Domenica pomeriggio. Mentre il resto del mondo è in giro a crogiolarsi al sole io sono sui libri a studiare Shakespeare per l’esame di abilitazione. Caro William, io ti voglio bene, davvero, ma perché scrivere tutte queste opere con tutti questi personaggi? La mia memoria ha deciso di ribellarsi. Non memorizzo più niente. Sarà che ho tanti pensieri. Sarà che ho studiato tanto, sarà che il fantasma di Fritz mi tormenta, sarà che tra dieci giorni io potrei avere una brutta sorpresa. Concentrazione zero insomma, ho deciso che devo dedicarmi solo a questo benedetto/maledetto esame che potrebbe aprirmi nuove porte. Poi si vedrà. Intanto ho mollato il lavoro di insegnante al doposcuola per incompatibilità con la proprietaria del centro, una tra le persone più incompetenti e velenose che io abbia mai incontrato nella mia vita. I bambini mi mancano. Alla fine piccola peste è diventato il mio miglior amico e i suoi genitori mi adoravano. Paradossi.
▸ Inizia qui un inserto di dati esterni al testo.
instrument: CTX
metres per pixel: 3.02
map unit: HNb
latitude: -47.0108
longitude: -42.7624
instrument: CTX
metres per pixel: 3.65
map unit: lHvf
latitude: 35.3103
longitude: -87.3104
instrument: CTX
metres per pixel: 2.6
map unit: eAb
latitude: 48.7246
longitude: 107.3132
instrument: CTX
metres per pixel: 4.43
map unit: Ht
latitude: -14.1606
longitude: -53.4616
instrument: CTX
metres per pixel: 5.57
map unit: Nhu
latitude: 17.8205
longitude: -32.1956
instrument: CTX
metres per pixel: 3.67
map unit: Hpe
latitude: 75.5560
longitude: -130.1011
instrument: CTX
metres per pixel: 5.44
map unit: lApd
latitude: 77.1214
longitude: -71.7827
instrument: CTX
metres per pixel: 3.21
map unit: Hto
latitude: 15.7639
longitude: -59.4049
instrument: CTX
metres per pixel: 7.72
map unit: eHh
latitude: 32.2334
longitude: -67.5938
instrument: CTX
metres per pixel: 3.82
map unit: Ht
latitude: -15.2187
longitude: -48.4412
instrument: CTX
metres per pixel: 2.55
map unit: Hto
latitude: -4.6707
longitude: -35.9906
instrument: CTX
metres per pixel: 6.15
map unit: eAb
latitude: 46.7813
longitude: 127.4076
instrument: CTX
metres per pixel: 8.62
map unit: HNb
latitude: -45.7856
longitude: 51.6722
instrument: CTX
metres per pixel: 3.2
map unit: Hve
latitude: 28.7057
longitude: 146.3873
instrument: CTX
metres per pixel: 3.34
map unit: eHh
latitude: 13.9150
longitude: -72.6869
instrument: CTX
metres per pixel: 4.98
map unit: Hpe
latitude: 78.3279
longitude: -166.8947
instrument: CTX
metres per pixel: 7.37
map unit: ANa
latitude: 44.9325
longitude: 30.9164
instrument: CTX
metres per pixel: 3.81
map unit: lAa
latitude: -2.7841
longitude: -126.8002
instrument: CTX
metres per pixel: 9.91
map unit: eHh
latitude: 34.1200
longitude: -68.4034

Non ho rimpianti Ho insegnato loro, in quel poco tempo, che la follia è una dote e se avessero assecondato i loro sogni, sarebbero diventati ciò che volevano nella vita.  Credo che i bambini di oggi debbano essere rassicurati sul loro futuro, hanno bisogno di qualcuno che creda in loro. E Mi mancano quelle canaglie, si…
ad ogni modo, va bene cosi….sono in fase di cambiamenti e in questi giorni non mancano affatto.
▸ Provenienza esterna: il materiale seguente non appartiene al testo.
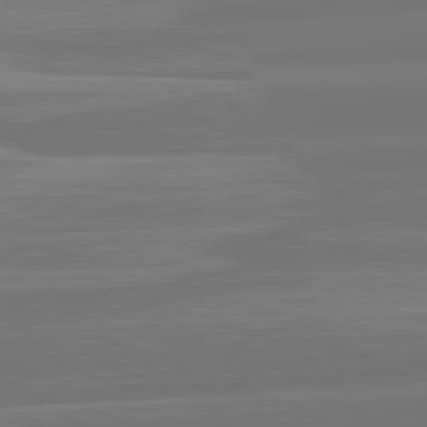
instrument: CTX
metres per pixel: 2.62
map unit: lApd
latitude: 82.6868
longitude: 170.3306
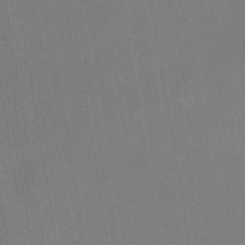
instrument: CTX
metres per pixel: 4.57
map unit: lHb
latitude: -39.9367
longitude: 73.0675
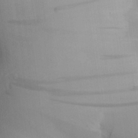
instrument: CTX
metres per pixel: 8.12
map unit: Aa
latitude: 25.4804
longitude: -136.9892
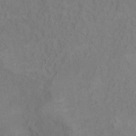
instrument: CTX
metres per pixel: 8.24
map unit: Ht
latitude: 5.2915
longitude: -37.1781
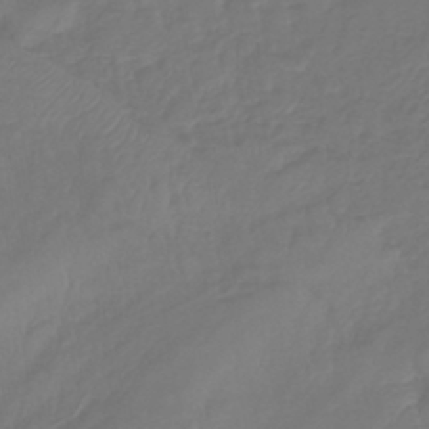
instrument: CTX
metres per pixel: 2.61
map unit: lHb
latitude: -42.4628
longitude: 81.3510
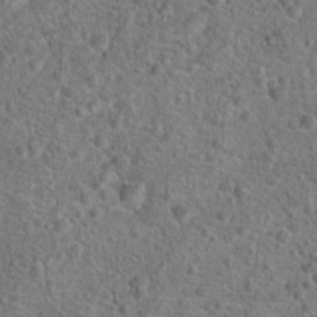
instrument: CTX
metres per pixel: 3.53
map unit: Hto
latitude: 18.3089
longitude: -42.9325
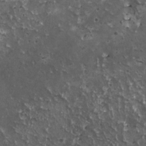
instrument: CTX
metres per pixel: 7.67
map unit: HNhu
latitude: 3.1403
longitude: 5.4454
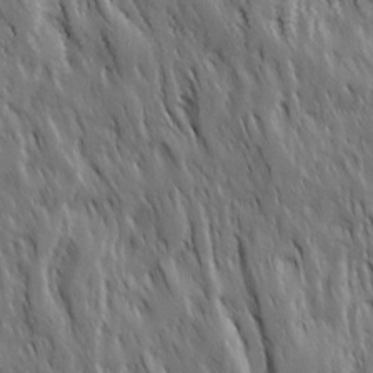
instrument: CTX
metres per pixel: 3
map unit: Ave
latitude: 15.3104
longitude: -134.4979
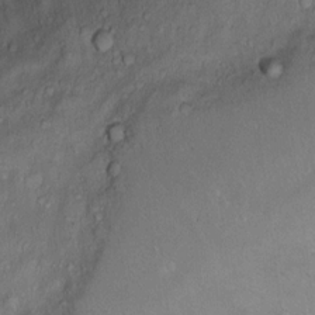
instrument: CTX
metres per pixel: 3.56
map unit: Ht
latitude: 12.6302
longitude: -39.4615
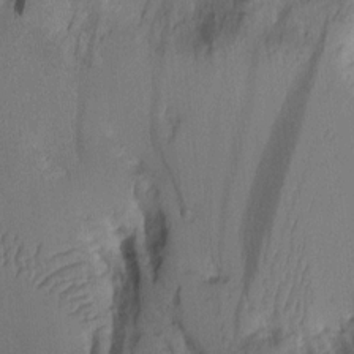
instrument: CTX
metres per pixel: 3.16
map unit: Aa
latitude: 10.4979
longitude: -127.3860
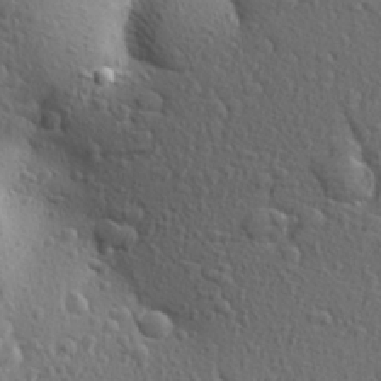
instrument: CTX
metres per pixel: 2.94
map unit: Aa
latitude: 26.7057
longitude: -144.3089
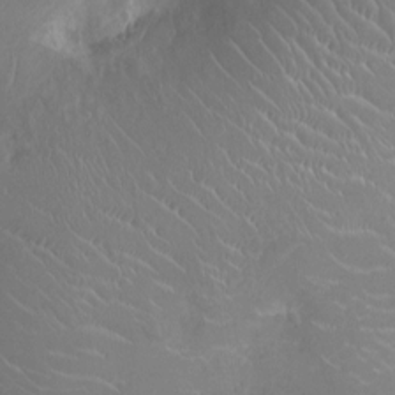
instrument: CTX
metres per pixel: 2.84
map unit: Ht
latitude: -3.2375
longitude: -16.4790
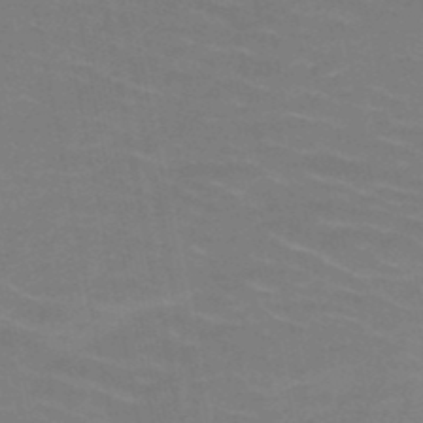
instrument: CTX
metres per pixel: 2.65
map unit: HNb
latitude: -49.6911
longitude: -48.3089
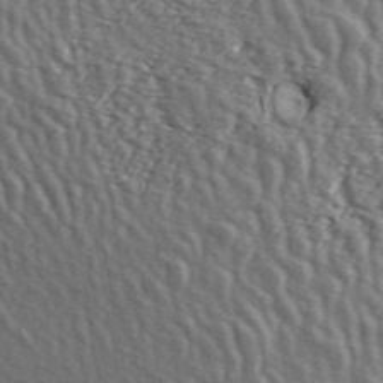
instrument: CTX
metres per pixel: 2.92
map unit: ANa
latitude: 44.0633
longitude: 45.9745
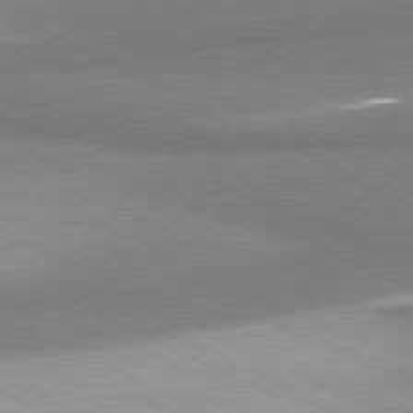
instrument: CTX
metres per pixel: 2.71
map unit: lApd
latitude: 81.4804
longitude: 167.6344
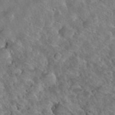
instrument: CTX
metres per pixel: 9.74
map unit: Hto
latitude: 35.1403
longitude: -49.5371
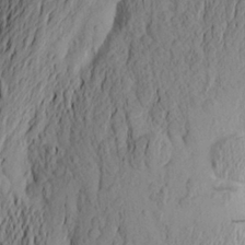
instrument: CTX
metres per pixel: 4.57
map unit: Aa
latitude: 24.5356
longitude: -149.7072
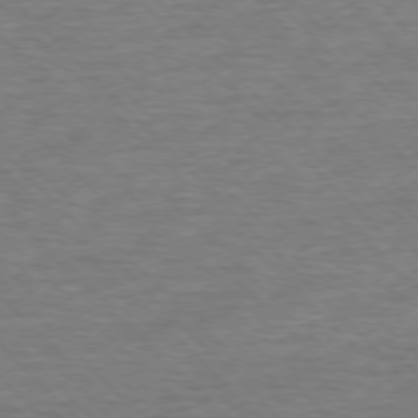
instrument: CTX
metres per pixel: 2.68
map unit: Ap
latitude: -77.1431
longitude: -94.9325

E’ arrivata a sorpresa in città una delle mie migliori amiche  e cosi ci siamo viste. Siamo uscite con un nostro amico appena tornato da Londra dopo anni di permanenza in Uk, è’ un fotografo molto bravo, ha lavorato per aziende importanti. La mia amica è una modella e così le ha proposto di fotografarla, ma la cosa assurda è che abbia proposto a me, e sottolineo  A ME, di posare come modella per delle foto di nudo.
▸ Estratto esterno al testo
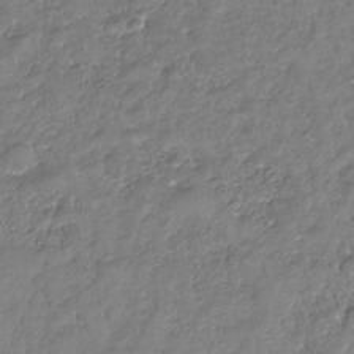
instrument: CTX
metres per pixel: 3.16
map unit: Nhe
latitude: -32.2551
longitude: -93.8772
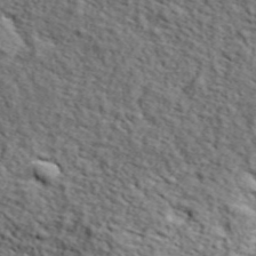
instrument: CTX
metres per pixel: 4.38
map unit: lHvf
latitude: 38.1956
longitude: -87.2159
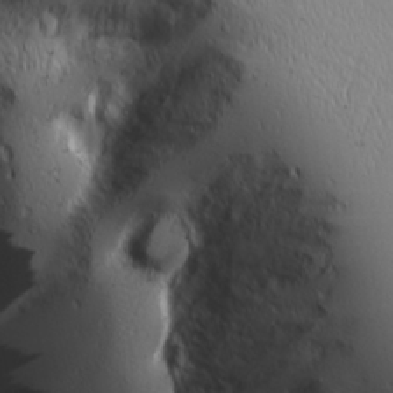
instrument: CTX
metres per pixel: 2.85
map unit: lHvf
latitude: 27.5560
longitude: 141.8611
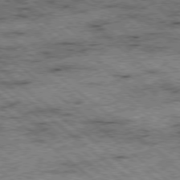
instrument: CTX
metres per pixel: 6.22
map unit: Ap
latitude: -78.9919
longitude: -51.9528
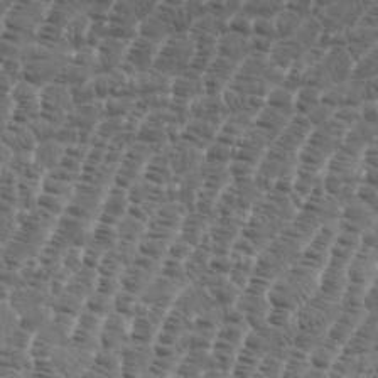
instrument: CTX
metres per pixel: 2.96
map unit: eHh
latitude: 36.5546
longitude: -136.5357
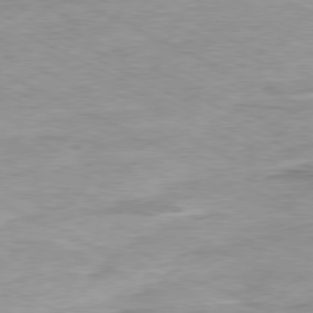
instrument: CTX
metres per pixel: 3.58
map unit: Ap
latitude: -80.4629
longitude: -75.2537
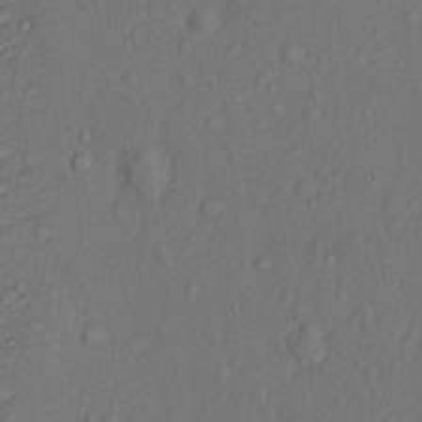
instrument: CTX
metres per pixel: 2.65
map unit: Hto
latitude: 13.6505
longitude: -29.5371
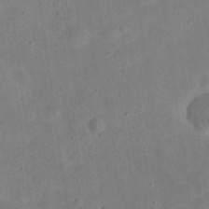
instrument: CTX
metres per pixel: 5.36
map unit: eHh
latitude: 24.5545
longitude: -67.8961
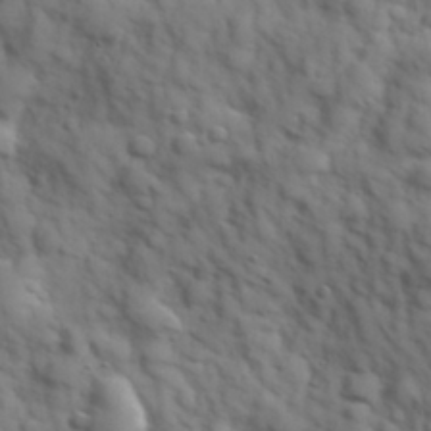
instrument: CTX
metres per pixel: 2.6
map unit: Hve
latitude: 32.1200
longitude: 150.7274
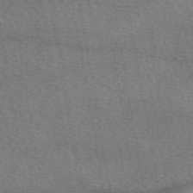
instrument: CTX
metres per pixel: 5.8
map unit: eAb
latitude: 50.5923
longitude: 110.7085
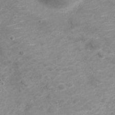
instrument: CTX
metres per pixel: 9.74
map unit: Nve
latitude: -20.2361
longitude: 104.4251
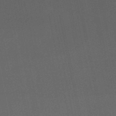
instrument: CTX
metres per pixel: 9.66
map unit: eHb
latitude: -50.9920
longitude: 72.2928
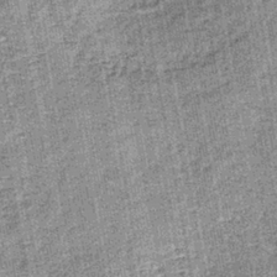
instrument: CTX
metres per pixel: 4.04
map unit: lHb
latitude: -38.3117
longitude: 64.6897
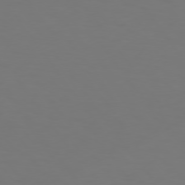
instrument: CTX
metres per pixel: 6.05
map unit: Hpe
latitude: 74.6302
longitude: -123.3671

O_o s’è bevuto il cervello. Io?  avrà bevuto qualche birra di troppo probabilmente. Non sono proprio il soggetto adatto. Comunque ultimamente i miei amici uomini stanno male di brutto. La settimana di scorsa uno di loro ha decretato che io sarei Rocco Siffredi al femminile per via delle mie misure.   Non ho parole!!!!!
Ecco Shakespeare non me lo avrebbe mai detto, quindi credo sia meglio che torni a studiare.

ce la posso fare!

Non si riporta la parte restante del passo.